Linoa se pencha à son tour vers l’interphone tandis que Reyson, médusé, ne voyait pas quoi répondre.

— Nathaniel m’a envoyé un message pour dire que Rey avait oublié son téléphone. On vient le chercher. Il s’est passé quelque chose, entre-temps ?

— Il… Il a disparu ! Je ne sais pas où il est !

Ah ! Voilà donc pourquoi elle avait cru que Nathaniel sonnait ! Le soulagement d’avoir retrouvé la cohérence de l’échange fut de courte durée pour Reyson. Il se retint de signaler que, par définition, disparaître revenait à ne pas savoir où une personne se trouvait. Après tout, il entendait les gémissements de Jeanne, en pleurs, de l’autre côté de l’appareil métallique. L’âme ébranlée, il s’émut d’une telle pureté émotionnelle et de la détresse, on ne peut plus compréhensible, de la mère éplorée.

— On peut entrer ? demanda-t-il. On va vous aider à le trouver, il ne doit pas être parti bien loin… Je prends mon portable et je pars à sa recherche. Linoa va rester avec vous, au cas où il rentrerait.

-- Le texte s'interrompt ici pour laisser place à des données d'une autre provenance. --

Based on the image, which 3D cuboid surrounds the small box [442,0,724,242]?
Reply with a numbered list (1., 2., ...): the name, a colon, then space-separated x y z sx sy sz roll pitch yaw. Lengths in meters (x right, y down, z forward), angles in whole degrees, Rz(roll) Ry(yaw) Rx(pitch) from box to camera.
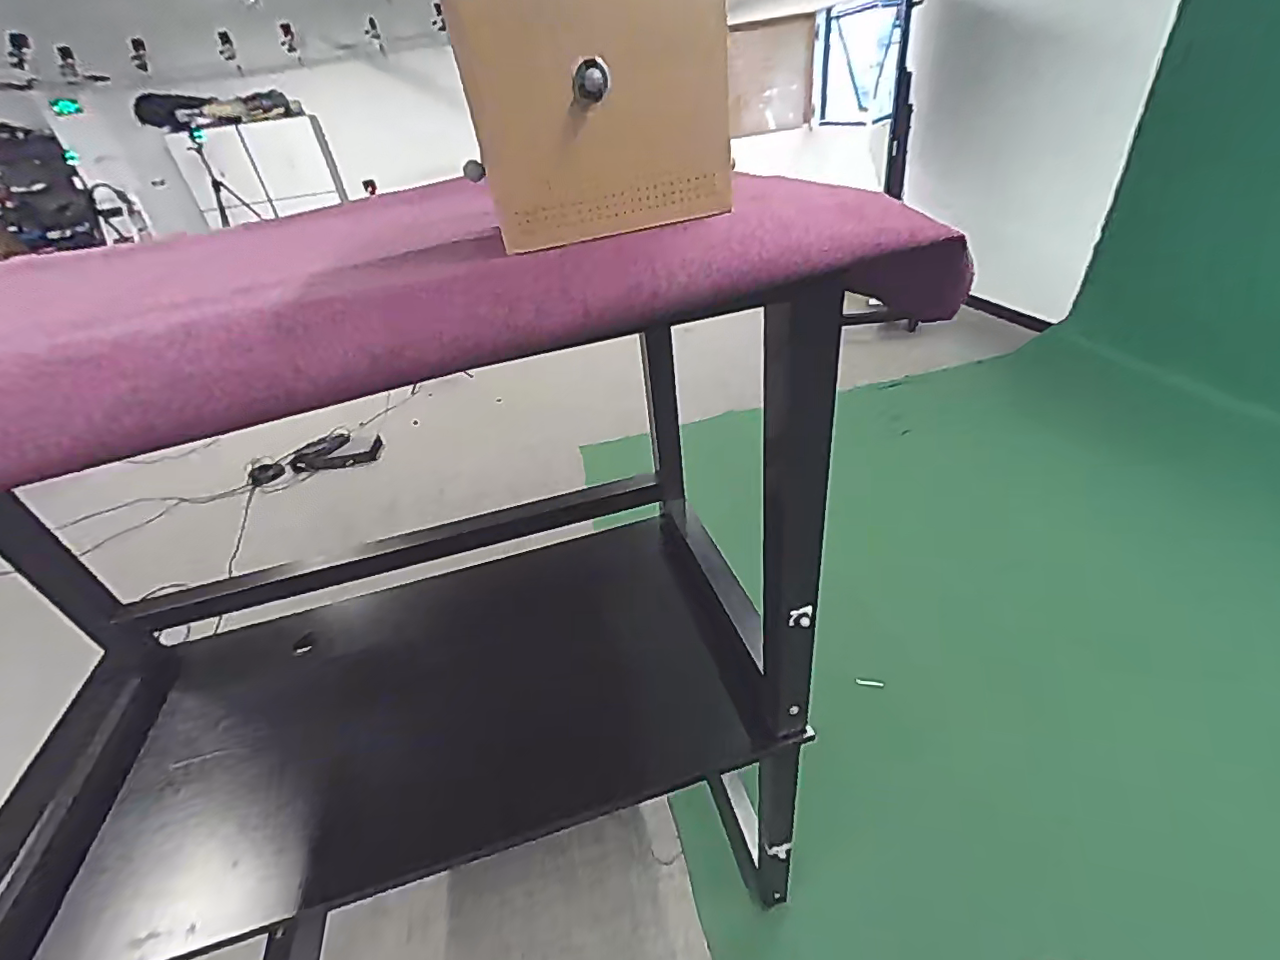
1. small box: -0.041 -0.299 0.414 0.179 0.176 0.168 -15 36 -6

La porte buzza et les deux amoureux se ruèrent à l’intérieur. L’ascenseur les conduisit au vingtième étage, jamais une ascension ne leur avait paru plus longue. Quand ils arrivèrent sur le palier, Jeanne les attendait, entrée grande ouverte, les larmes ruisselant sur ses joues rouges et bouffies.

Reyson prit le précieux sésame entre les mains tremblantes et froides de Jeanne. Toute la tension passa de ses doigts à ceux du jeune homme, elle remonta le long de ses bras au point où il se mit à frémir à son tour. La tristesse de Jeanne se répandit en lui tel un tsunami, sa gorge se serra, les larmes lui montèrent aux yeux et il ressentit, en miroir, la dévastation de cette mère dans son propre corps, comme si elle lui appartenait. Il coupa le contact aussi vite que possible, rangea son téléphone et renifla avant de déclarer d’une voix pâteuse :

— J’y vais. Lin, je t’appelle si j’ai du nouveau.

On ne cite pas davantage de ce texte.